From the line with "Which oriented 3D" to the final line of the records, reproduce every line exactly and only those lines.
________________
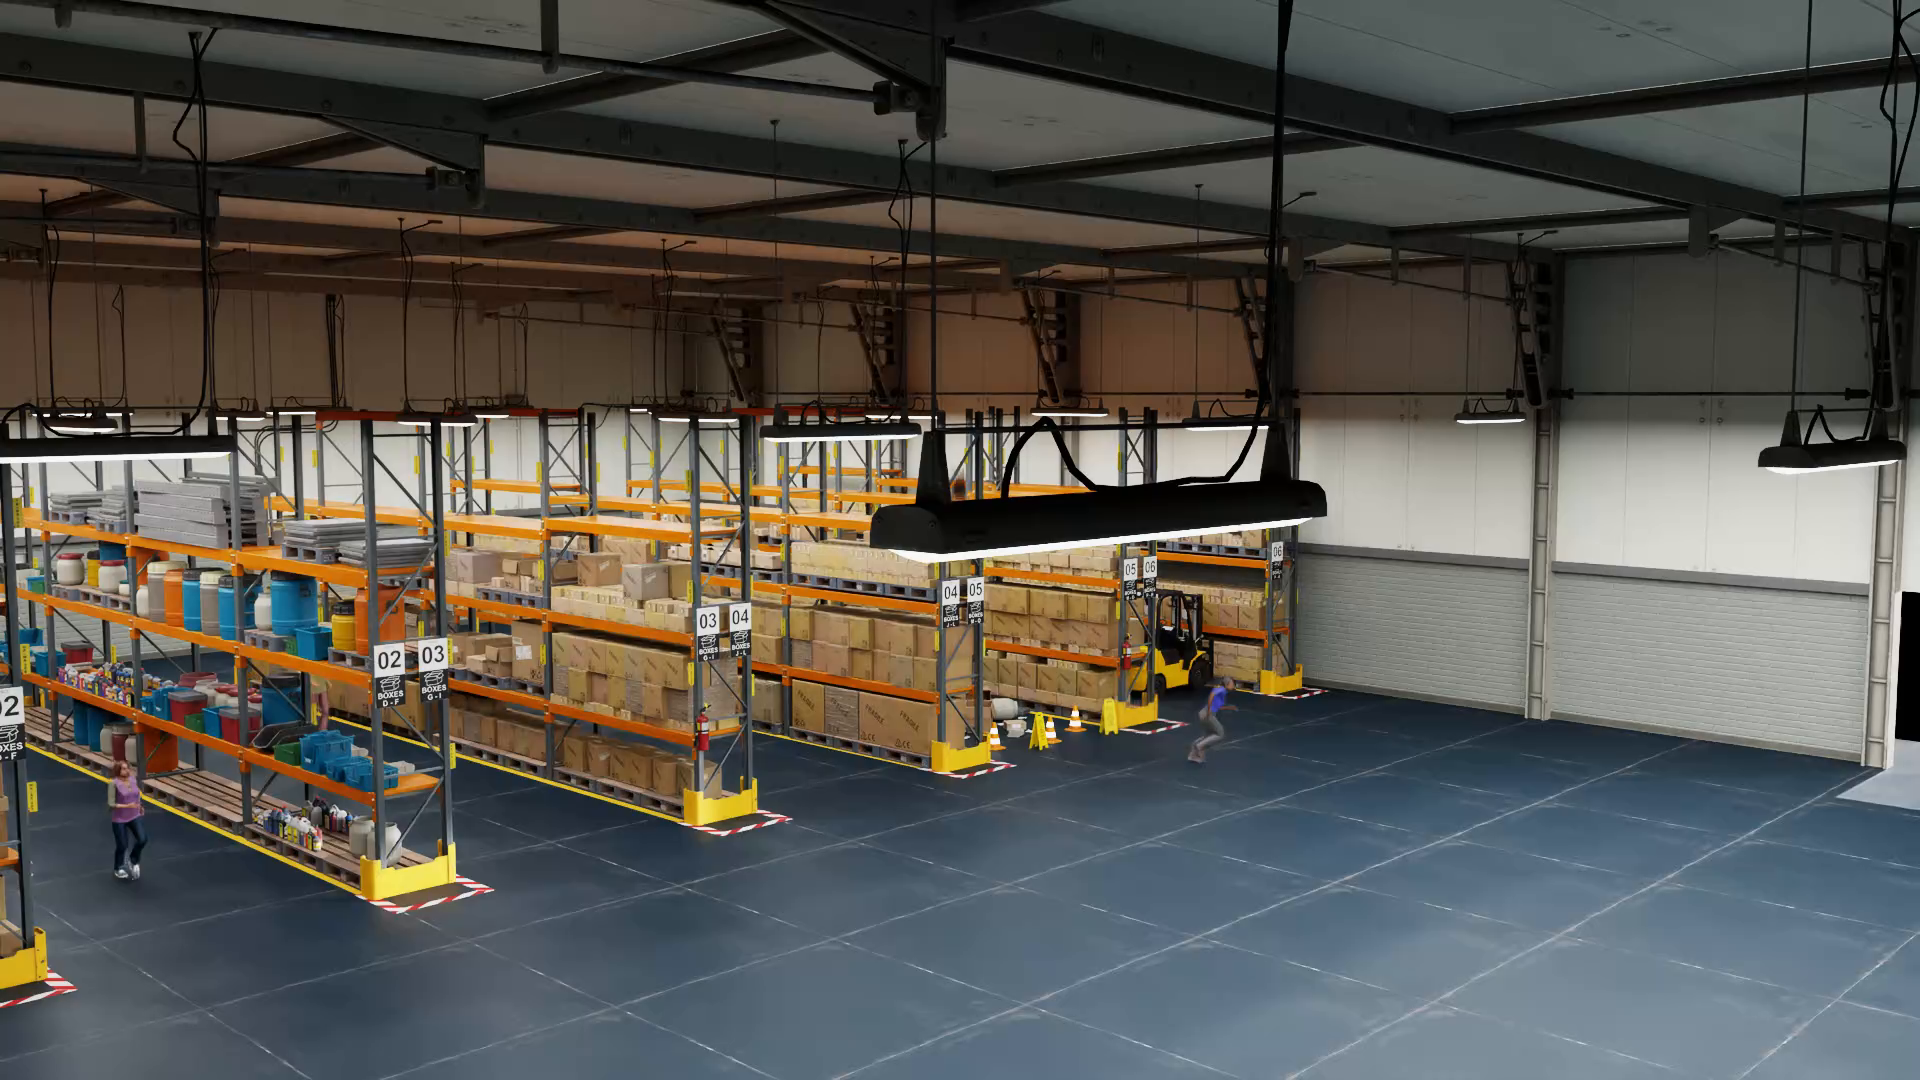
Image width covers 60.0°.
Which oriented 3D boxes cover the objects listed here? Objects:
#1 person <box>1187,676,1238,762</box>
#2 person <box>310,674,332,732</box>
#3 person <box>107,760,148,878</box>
[{"bbox_3d":[4.332,3.083,28.427,0.849,1.473,0.602,0,5,-1],"label":"person"},{"bbox_3d":[-11.868,2.801,30.673,0.758,1.628,0.588,4,7,42],"label":"person"},{"bbox_3d":[-10.766,3.623,21.518,0.636,1.570,0.510,4,6,38],"label":"person"}]
________________
Completed exercise:
Which oriented 3D boxes cover the objects listed here? Objects:
#1 person <box>1187,676,1238,762</box>
#2 person <box>310,674,332,732</box>
#3 person <box>107,760,148,878</box>
[{"bbox_3d":[4.332,3.083,28.427,0.849,1.473,0.602,0,5,-1],"label":"person"},{"bbox_3d":[-11.868,2.801,30.673,0.758,1.628,0.588,4,7,42],"label":"person"},{"bbox_3d":[-10.766,3.623,21.518,0.636,1.570,0.510,4,6,38],"label":"person"}]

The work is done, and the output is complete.